Started by Syt, October 19, 2019, 04:02:55 AM

Previous topic - Next topic

Zanza

It's the second mainly map based DLC. Royal Court was not map-based at all, Tours & Tournaments was partially map-based and well received, this is map-based and well received. Hope that gives Paradox a hint what players want.

Tamas

Is there a mod or something that just deactivates the royal court nonsense altogether?

Zanza

Quote from: Tamas on March 05, 2024, 11:42:15 AMIs there a mod or something that just deactivates the royal court nonsense altogether?
The launcher lets you select active DLCs...?

Tamas

Quote from: Zanza on March 05, 2024, 01:52:04 PM
Quote from: Tamas on March 05, 2024, 11:42:15 AMIs there a mod or something that just deactivates the royal court nonsense altogether?
The launcher lets you select active DLCs...?

I thought its a vanilla thing, I am going to give it a try.

Tamas

I was trying to read up on the DLC and I came across this part of a long post which I liked because it touched upon my major gripe with the game (btw diseases and even legacy sound like good additions):

QuoteIf a game doesn't have a defined narrative, then, in my opinion, any in-character writing in the game basically doesn't matter.
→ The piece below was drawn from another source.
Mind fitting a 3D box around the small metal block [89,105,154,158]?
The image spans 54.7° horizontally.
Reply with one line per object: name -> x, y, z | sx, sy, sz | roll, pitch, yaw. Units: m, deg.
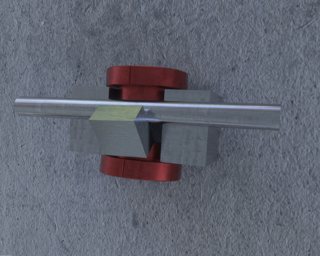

It's show, don't tell, right? A character isn't what the writer says they are, they're what they do. And what happens in events is only what the writer says. But what matters to me, the player, is what I can do, what I can affect, and almost all of that happens outside of the scope of events. The story of the game is the paratext of the player imagining how the game mechanics came together, not what the string of events said.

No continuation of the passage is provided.